God wants to bless you with relationships & for you to prosper in them. He won't just give you friends that'll see you for who you are, He'll give you friendships that'll help push you towards becoming the person God wants you to be despite of your social awkwardness. Don't let your awkwardness keep you from experiencing the blessings that come with good friendships.
Don't be so hard on yourself.
Most times, we can be our worst critics. We'll be encouraging and be kind to others yet we can be pretty hard on ourselves. If you mess up, whether it's giving a speech in speech class or stumbling on your words while talking to someone, it's okay. When little things like this happen, learn to laugh it off. Embrace yourself and your quirks; after all, they're what make you, you.
If you want to get better at them, do so, but don't put yourself down for making a tiny little hiccup. Stop allowing social awkwardness restrict you from reaching your full potential! Educate yourself on how to communicate and connect well with others. Educate yourself on how to interact in social settings. There are other ways to build yourself up instead of breaking yourself down over a harmless mistake.
Don't let the thought of you being socially awkward and the identity of being an introvert stop you from pursuing God's purpose for you.
The bible tells us that we are not given a spirit of timidity but a spirit of power and confidence through Jesus Christ that we have the access and ability to walk in (1 Timothy 1:7).
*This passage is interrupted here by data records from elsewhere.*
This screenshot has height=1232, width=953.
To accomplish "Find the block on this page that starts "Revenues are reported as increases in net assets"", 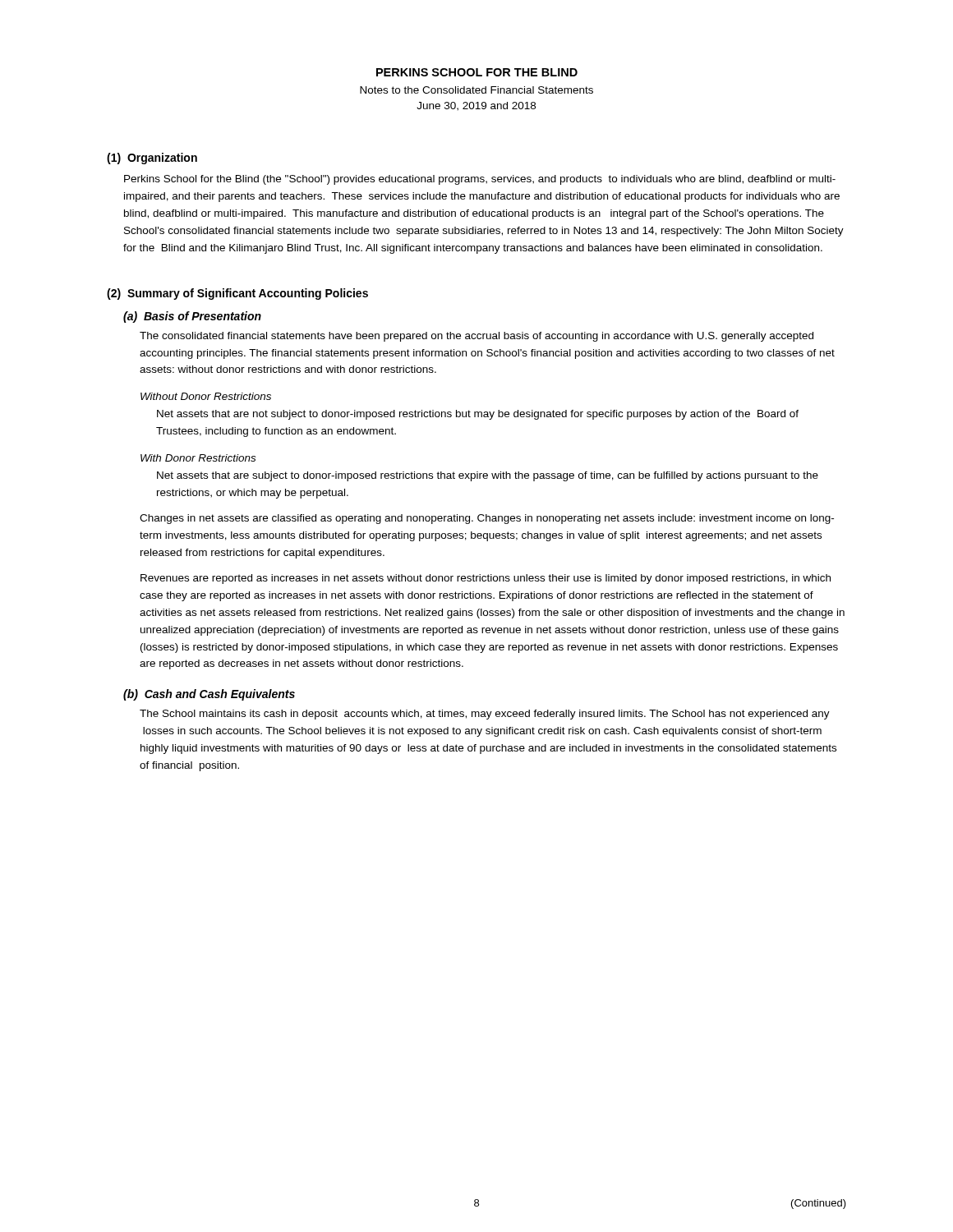I will pyautogui.click(x=492, y=621).
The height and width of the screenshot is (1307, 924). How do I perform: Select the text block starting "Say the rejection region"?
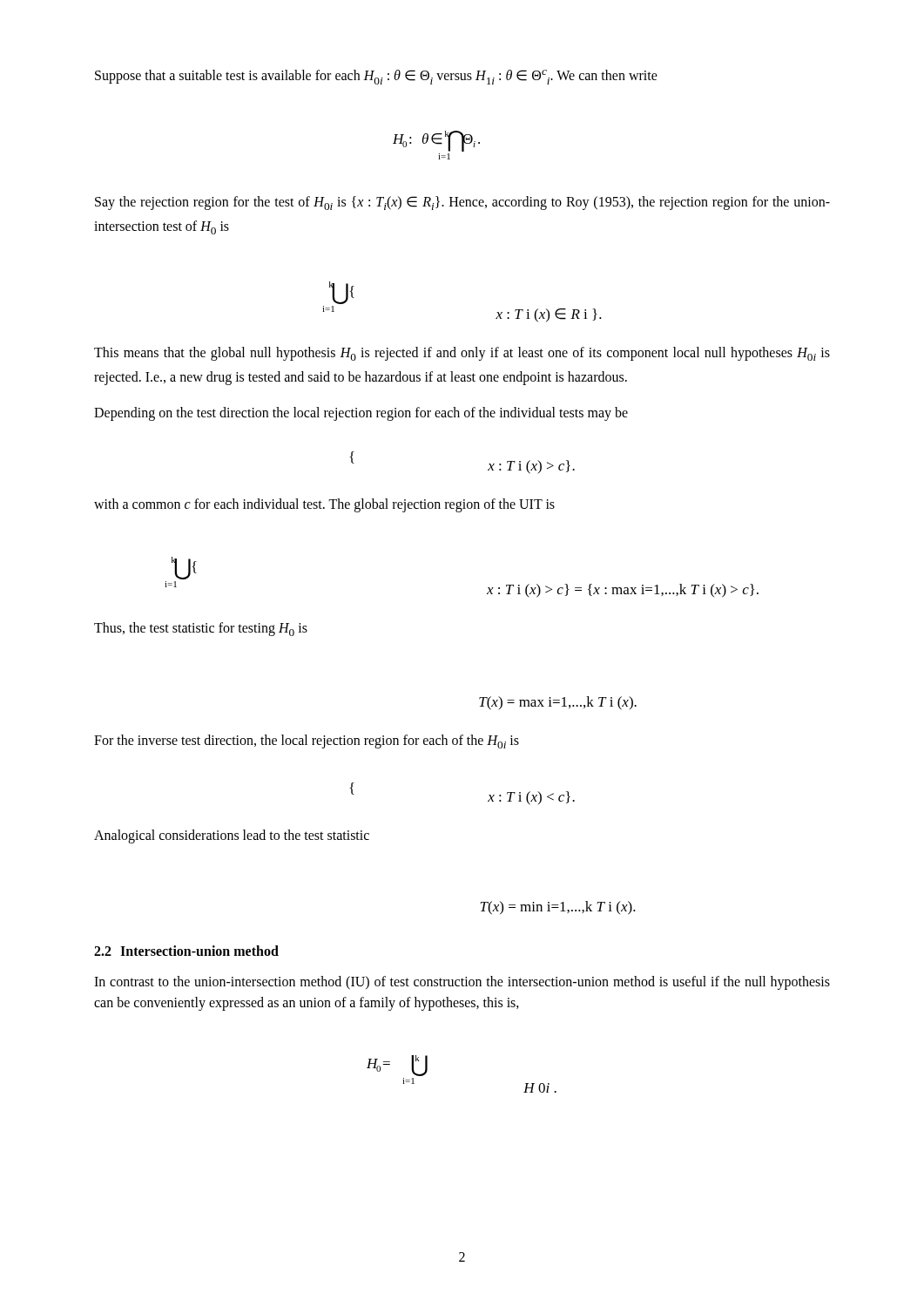(x=462, y=216)
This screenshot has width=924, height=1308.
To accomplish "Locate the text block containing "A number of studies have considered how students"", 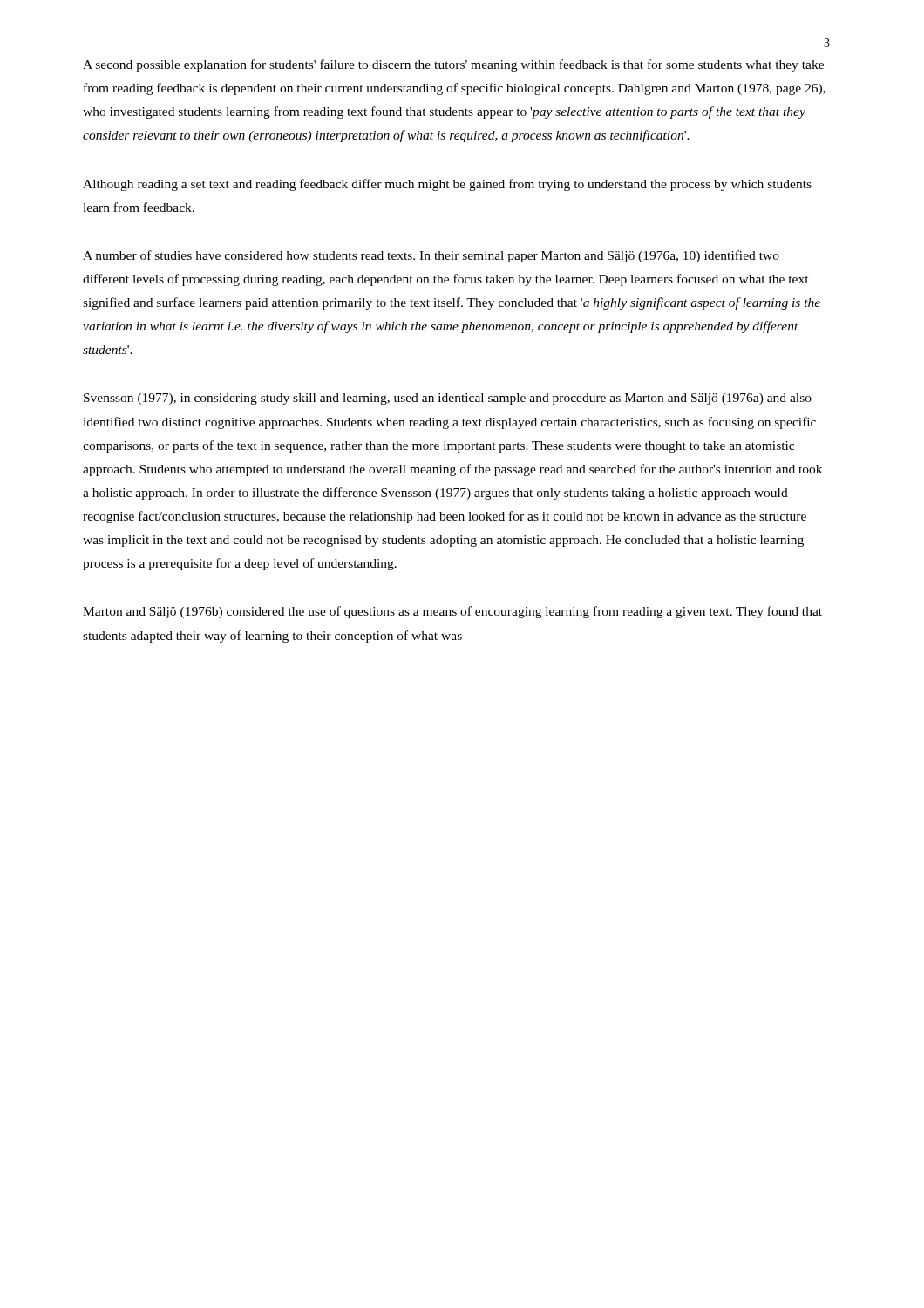I will 452,302.

You have an amazing gift building up inside you, but you're afraid that your social awkwardness will come up again so you hide in your bubble. You believe that your awkwardness and shy quality disqualifies you from the big plans He has in store for you.
Think again. He is able to use you despite your weakness and faults and use them for your strengths. Nothing as small as social awkwardness can even stop you or God from fulfilling His purpose for you.
When you take time to know the Creator, you get to know yourself.
Not everyone is perfect. There is no such thing. You can look up all the articles, read on all the how-to books, etc. but none of that'll beat getting to know the Creator for yourself. He makes no mistake in what He creates, therefore, you my love, are uniquely made in His image. The more secure you are in Him, the less subjected you are to sulk when social anxiety springs up and worry about what others think of you.
Gaining self confidence and overcoming social awkwardness & anxiety is an ongoing process and will take time. Don't be so hard on yourself. Take it one step at a time. Be present. You are not socially awkward, you are unique. Embrace your social awkwardness, for it can actually do you good. You can overcome this. He's called you to come out of your bubble, come out out of your favorite corner and to come out of your mindset. Don't allow social anxiety to hinder you from the fullness of life God has promised you.
Dear Lord,
Thank you Lord that not only do you hear and take in every word we speak and request, but simply because you care. I pray those reading come to you with their requests about this, that they not be anxious because they know You are the answer to their problems (Philippians 4:6). Father God I pray for any girl who is harboring any feeling of inadequacy, that you replace that feeling with boldness. I pray that You give them the words to speak, and the right actions to display that will lead others to You. I pray they first find their identity & worth in You Lord. Praying they give this to You so You may use it for their good and Your glory. In Your name, Amen.